その剣(その子)が望んだからよ。何度かニヴィが魔法を使うところを見たけど、風属性と相性が良かったの。それ、何年も使ってきた剣じゃない? その剣(その子)もニヴィとすごく相性がいいの。それで、望まれたから術式を書き換えたのよ。氷が使いたいなら、水属性の魔力を流しながら、その剣(その子)を使ってみて。面白いくらいに、今までよりも使いやすいと思うよ? でも、風の方が相性いいのは、確かだよ。ふふふ』


 ニルヴィスは楽しそうにレティシアが、説明するのを静かに聞いた。

 しかし、彼はその様子に首をかしげながら、魔力を少しだけ込めて剣を握る。

 その瞬間、彼の周りの床から壁や天井まで、一瞬で凍り付く。

 彼は驚きで目を見開き、握った剣を見つめる。


 レティシアは、ニルヴィスの魔法発動と同時に張った防御壁(シールド)を解くと周りを見す。


『ふふふ。ニヴィ、すごいね~』


「嘘だろ……。ボク……剣に(まと)わせるイメージで少しだけ魔力を流しただけなのに……」


 レティシアが楽しそうにしているのに対し、この現状に、ニルヴィスだけではなく、ロレシオとアルノエも困惑していた。
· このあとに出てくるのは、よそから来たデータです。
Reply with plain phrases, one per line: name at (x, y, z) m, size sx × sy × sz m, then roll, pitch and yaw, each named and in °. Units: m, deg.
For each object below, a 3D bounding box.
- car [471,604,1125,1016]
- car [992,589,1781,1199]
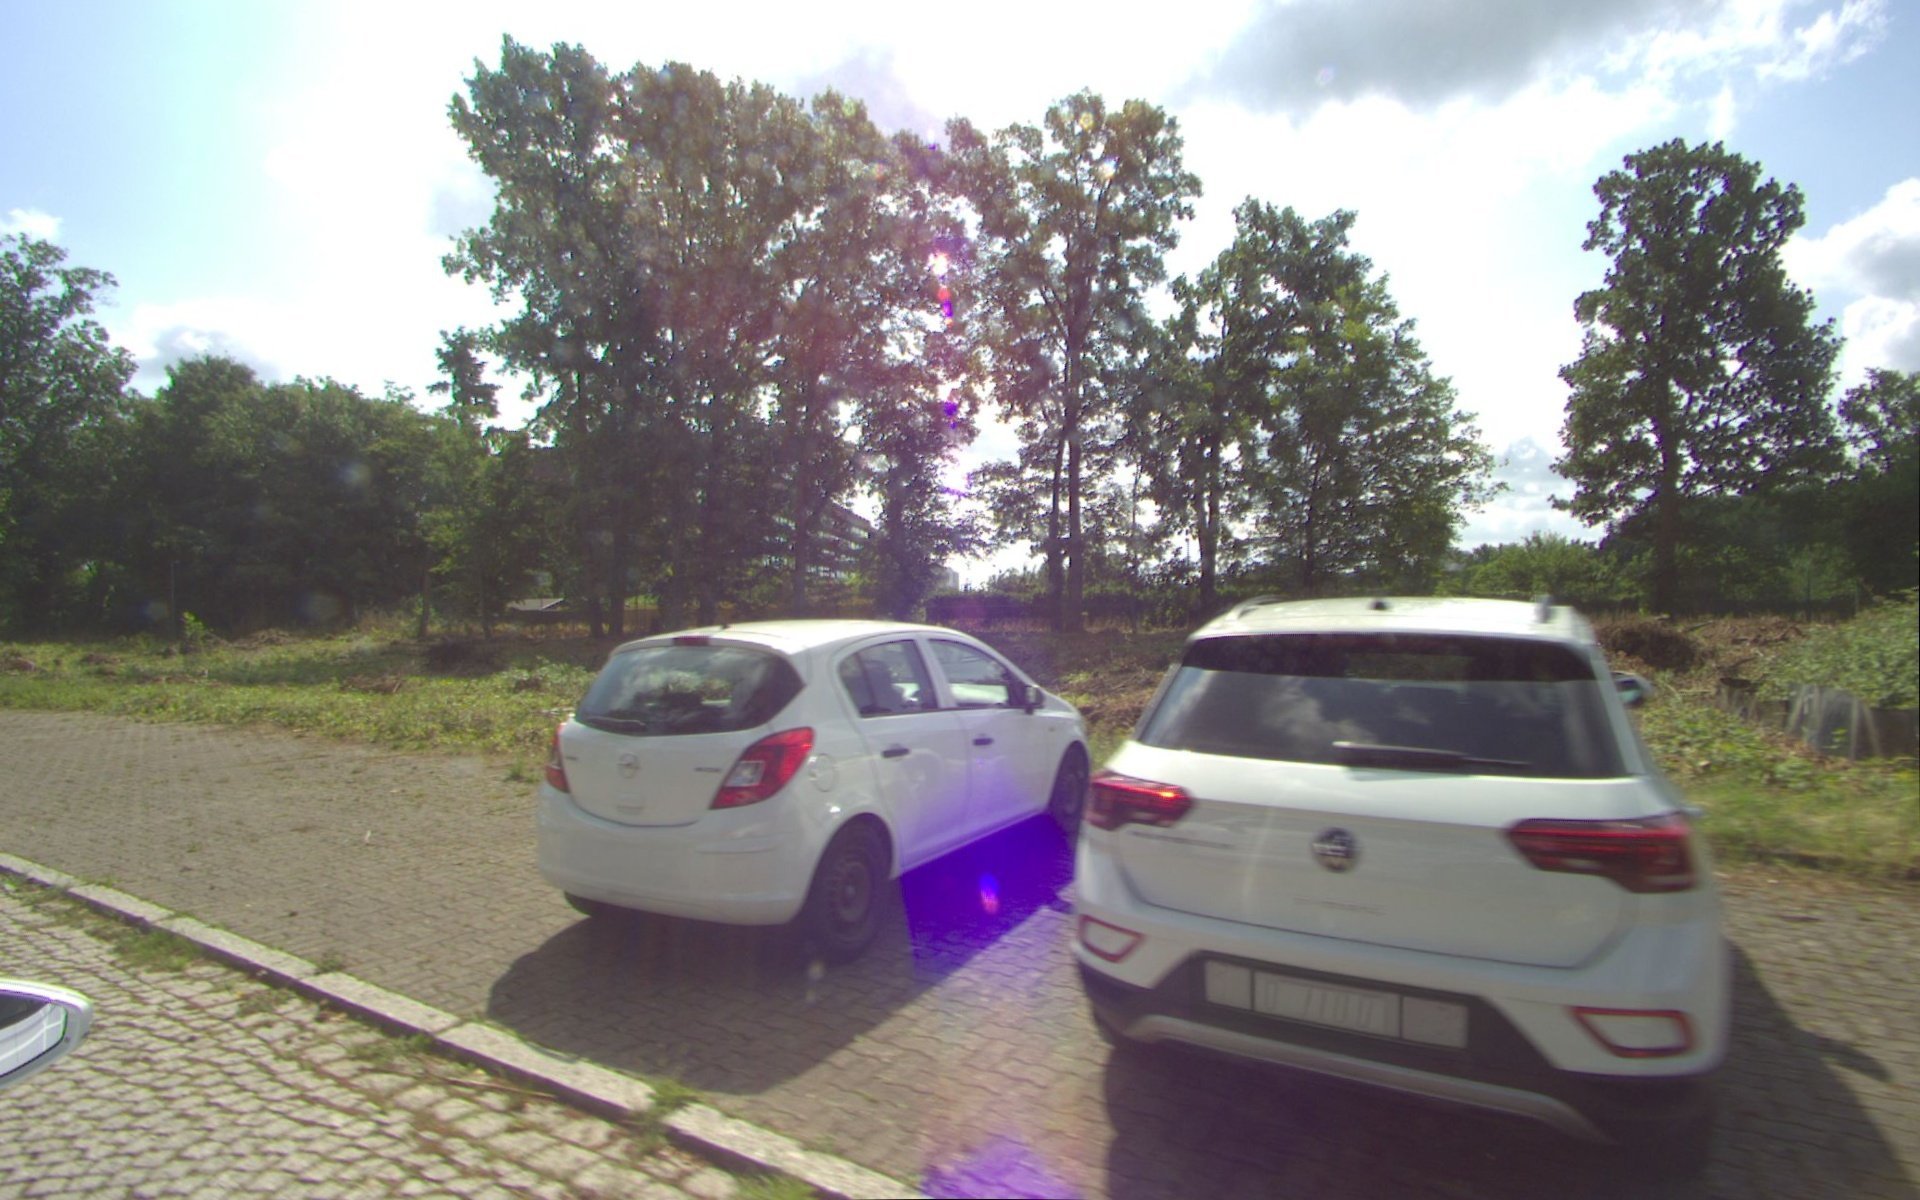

『相性がいいって言ったでしょ? 魔法を使う人には、それぞれ相性がいい属性があるのよ。人によっては、その属性が苦手だったり、上手に使えない人もいるけど……。それでも、わずかにだけど、魔法を使うときはそれが出るの。その剣(その子)はニヴィと相性がいいわ。今までと使い勝手が違うけど、ニヴィの力を最大限に引き出してくれるはずよ』


 レティシアはニルヴィスが張った部屋の氷を、溶かしながら楽しそうに話した。


「……ニルヴィス……その剣、ちゃんと使えるように訓練しとけよ……」


 未だに困惑を隠せないロレシオがそう言うと、ニルヴィスは剣を見つめたまま何度も頷いた。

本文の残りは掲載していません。